THE DATA START
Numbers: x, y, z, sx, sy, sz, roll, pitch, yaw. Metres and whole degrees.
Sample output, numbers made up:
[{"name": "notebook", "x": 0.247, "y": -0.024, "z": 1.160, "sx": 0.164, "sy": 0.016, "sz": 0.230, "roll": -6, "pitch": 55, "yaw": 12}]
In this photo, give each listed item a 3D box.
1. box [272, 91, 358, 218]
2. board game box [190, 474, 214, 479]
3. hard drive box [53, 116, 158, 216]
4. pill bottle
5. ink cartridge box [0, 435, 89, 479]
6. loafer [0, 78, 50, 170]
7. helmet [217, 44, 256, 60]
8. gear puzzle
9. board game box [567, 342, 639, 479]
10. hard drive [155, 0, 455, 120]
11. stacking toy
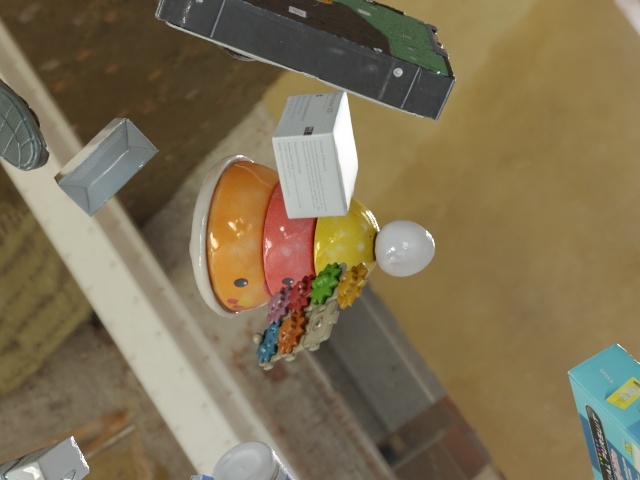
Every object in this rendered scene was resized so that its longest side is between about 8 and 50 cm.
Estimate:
[{"name": "box", "x": -0.006, "y": -0.163, "z": 2.175, "sx": 0.119, "sy": 0.182, "sz": 0.181, "roll": -3, "pitch": 32, "yaw": 12}, {"name": "board game box", "x": -0.171, "y": 0.364, "z": 1.552, "sx": 0.090, "sy": 0.020, "sz": 0.090, "roll": 142, "pitch": 144, "yaw": -71}, {"name": "hard drive box", "x": -0.420, "y": -0.147, "z": 2.219, "sx": 0.181, "sy": 0.089, "sz": 0.232, "roll": -45, "pitch": 16, "yaw": -5}, {"name": "pill bottle", "x": -0.082, "y": 0.413, "z": 1.799, "sx": 0.112, "sy": 0.187, "sz": 0.112, "roll": -20, "pitch": 34, "yaw": 15}, {"name": "ink cartridge box", "x": -0.590, "y": 0.481, "z": 2.282, "sx": 0.208, "sy": 0.087, "sz": 0.153, "roll": -23, "pitch": 4, "yaw": 18}, {"name": "loafer", "x": -0.526, "y": -0.219, "z": 1.926, "sx": 0.084, "sy": 0.267, "sz": 0.096, "roll": -5, "pitch": -44, "yaw": -57}, {"name": "helmet", "x": -0.135, "y": -0.439, "z": 2.275, "sx": 0.169, "sy": 0.161, "sz": 0.169, "roll": -48, "pitch": 21, "yaw": 26}, {"name": "gear puzzle", "x": -0.023, "y": 0.123, "z": 2.089, "sx": 0.339, "sy": 0.044, "sz": 0.176, "roll": -29, "pitch": 39, "yaw": 51}, {"name": "board game box", "x": 0.437, "y": 0.313, "z": 1.341, "sx": 0.079, "sy": 0.336, "sz": 0.254, "roll": -29, "pitch": -52, "yaw": -9}, {"name": "hard drive", "x": -0.016, "y": -0.256, "z": 1.355, "sx": 0.237, "sy": 0.338, "sz": 0.064, "roll": -92, "pitch": 22, "yaw": -63}, {"name": "stacking toy", "x": 0.000, "y": 0.000, "z": 2.382, "sx": 0.479, "sy": 0.351, "sz": 0.350, "roll": 3, "pitch": 3, "yaw": 20}]
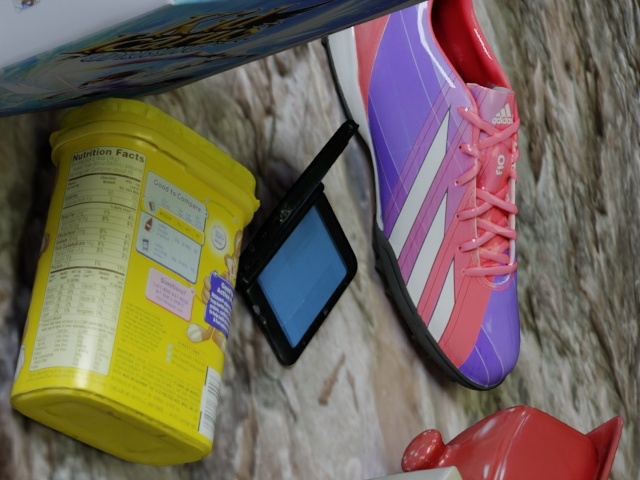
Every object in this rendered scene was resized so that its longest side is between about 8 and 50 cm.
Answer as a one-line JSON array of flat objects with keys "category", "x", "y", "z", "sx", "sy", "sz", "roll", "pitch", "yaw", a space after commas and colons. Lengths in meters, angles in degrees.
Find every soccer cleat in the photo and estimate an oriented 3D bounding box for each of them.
[{"category": "soccer cleat", "x": 0.097, "y": -0.050, "z": 1.104, "sx": 0.108, "sy": 0.116, "sz": 0.318, "roll": -15, "pitch": 89, "yaw": -54}]

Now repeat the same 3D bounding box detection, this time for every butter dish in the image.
[{"category": "butter dish", "x": 0.106, "y": 0.172, "z": 1.029, "sx": 0.118, "sy": 0.160, "sz": 0.160, "roll": 39, "pitch": 42, "yaw": -7}]

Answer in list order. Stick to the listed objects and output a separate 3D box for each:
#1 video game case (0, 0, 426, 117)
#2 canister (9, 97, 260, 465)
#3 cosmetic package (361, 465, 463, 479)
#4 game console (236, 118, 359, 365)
[{"category": "video game case", "x": -0.085, "y": -0.117, "z": 0.776, "sx": 0.269, "sy": 0.244, "sz": 0.061, "roll": -18, "pitch": 92, "yaw": -54}, {"category": "canister", "x": -0.101, "y": 0.025, "z": 0.849, "sx": 0.126, "sy": 0.073, "sz": 0.170, "roll": 34, "pitch": 53, "yaw": -43}, {"category": "cosmetic package", "x": 0.068, "y": 0.312, "z": 0.933, "sx": 0.160, "sy": 0.113, "sz": 0.309, "roll": -42, "pitch": 110, "yaw": -52}, {"category": "game console", "x": 0.000, "y": 0.000, "z": 0.998, "sx": 0.071, "sy": 0.107, "sz": 0.122, "roll": 37, "pitch": 42, "yaw": -1}]
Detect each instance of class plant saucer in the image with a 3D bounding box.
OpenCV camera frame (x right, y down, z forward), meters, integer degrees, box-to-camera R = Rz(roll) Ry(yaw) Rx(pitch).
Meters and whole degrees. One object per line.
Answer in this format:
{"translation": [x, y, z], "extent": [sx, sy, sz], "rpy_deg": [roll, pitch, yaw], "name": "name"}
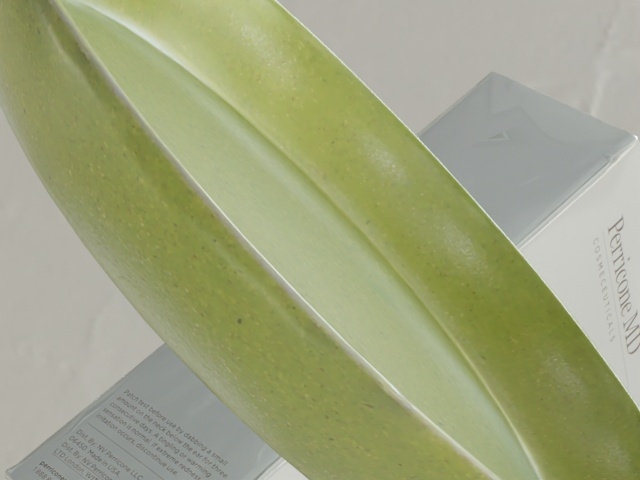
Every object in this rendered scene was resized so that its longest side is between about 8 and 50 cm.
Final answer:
{"translation": [0.000, 0.000, 0.459], "extent": [0.037, 0.241, 0.241], "rpy_deg": [-44, -140, 13], "name": "plant saucer"}

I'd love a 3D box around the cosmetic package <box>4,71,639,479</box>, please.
{"translation": [0.045, 0.154, 0.872], "extent": [0.284, 0.377, 0.097], "rpy_deg": [-38, -134, -22], "name": "cosmetic package"}
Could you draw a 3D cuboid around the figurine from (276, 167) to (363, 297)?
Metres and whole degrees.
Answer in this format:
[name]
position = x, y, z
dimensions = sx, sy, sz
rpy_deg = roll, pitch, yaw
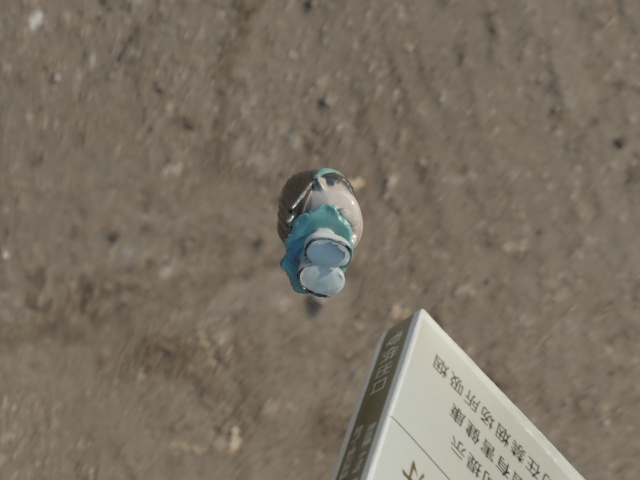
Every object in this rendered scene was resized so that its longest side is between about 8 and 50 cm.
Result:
[figurine]
position = 0.000, 0.000, 0.952
dimensions = 0.047, 0.106, 0.060
rpy_deg = -5, 110, 1

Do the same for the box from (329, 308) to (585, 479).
[box]
position = 0.043, 0.121, 0.612
dimensions = 0.109, 0.029, 0.198
rpy_deg = 46, 34, -17
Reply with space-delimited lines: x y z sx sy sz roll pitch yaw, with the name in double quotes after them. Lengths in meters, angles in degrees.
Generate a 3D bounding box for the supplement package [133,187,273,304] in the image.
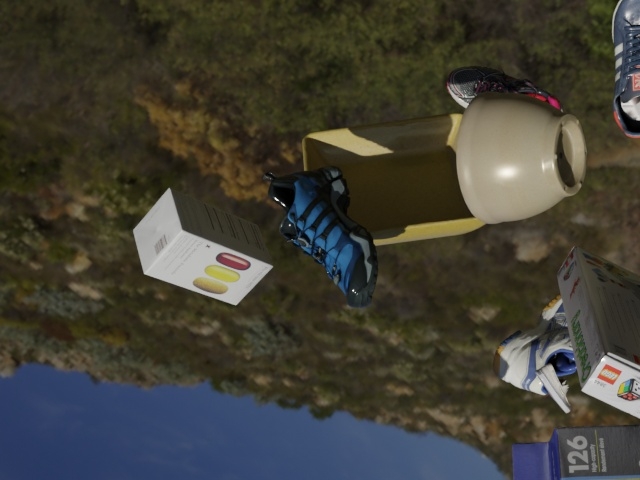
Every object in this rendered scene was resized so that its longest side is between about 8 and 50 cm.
-0.243 0.016 1.944 0.244 0.139 0.134 23 -149 -39 "supplement package"

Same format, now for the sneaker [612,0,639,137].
0.745 -0.402 2.171 0.148 0.131 0.350 -60 -37 -55 "sneaker"

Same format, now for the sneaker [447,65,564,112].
0.451 -0.359 2.261 0.299 0.121 0.112 21 176 18 "sneaker"

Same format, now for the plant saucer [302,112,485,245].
0.140 -0.101 1.762 0.333 0.332 0.081 -94 -4 -50 "plant saucer"

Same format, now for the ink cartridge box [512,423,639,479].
0.488 0.462 1.610 0.072 0.307 0.304 71 -160 -45 "ink cartridge box"

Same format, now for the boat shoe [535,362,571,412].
0.379 0.234 1.485 0.100 0.035 0.035 52 -177 -22 "boat shoe"

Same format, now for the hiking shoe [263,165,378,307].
0.000 0.000 1.523 0.132 0.113 0.304 -5 -137 -17 "hiking shoe"

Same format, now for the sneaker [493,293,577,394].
0.478 0.205 1.844 0.131 0.296 0.112 30 145 39 "sneaker"

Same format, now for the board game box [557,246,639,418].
0.373 0.117 1.042 0.193 0.053 0.305 26 -158 0 "board game box"

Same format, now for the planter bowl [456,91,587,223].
0.249 -0.100 1.109 0.109 0.162 0.162 2 157 38 "planter bowl"
THE DATA END
EXERCISE AIM
Every line of the entries above that includes "Lengths" should be copied.

EXPECTED OUTPUT
Answer as a one-line JSON array of flat objects with keys "category", "x", "y", "z", "sx", "sy", "sz", "roll", "pitch", "yaw", a space after commas and colons. Lengths in meters, angles in degrees.
Reply with space-delimited lines: x y z sx sy sz roll pitch yaw, with the name in double quotes after them. Lengths in meters, angles in degrees.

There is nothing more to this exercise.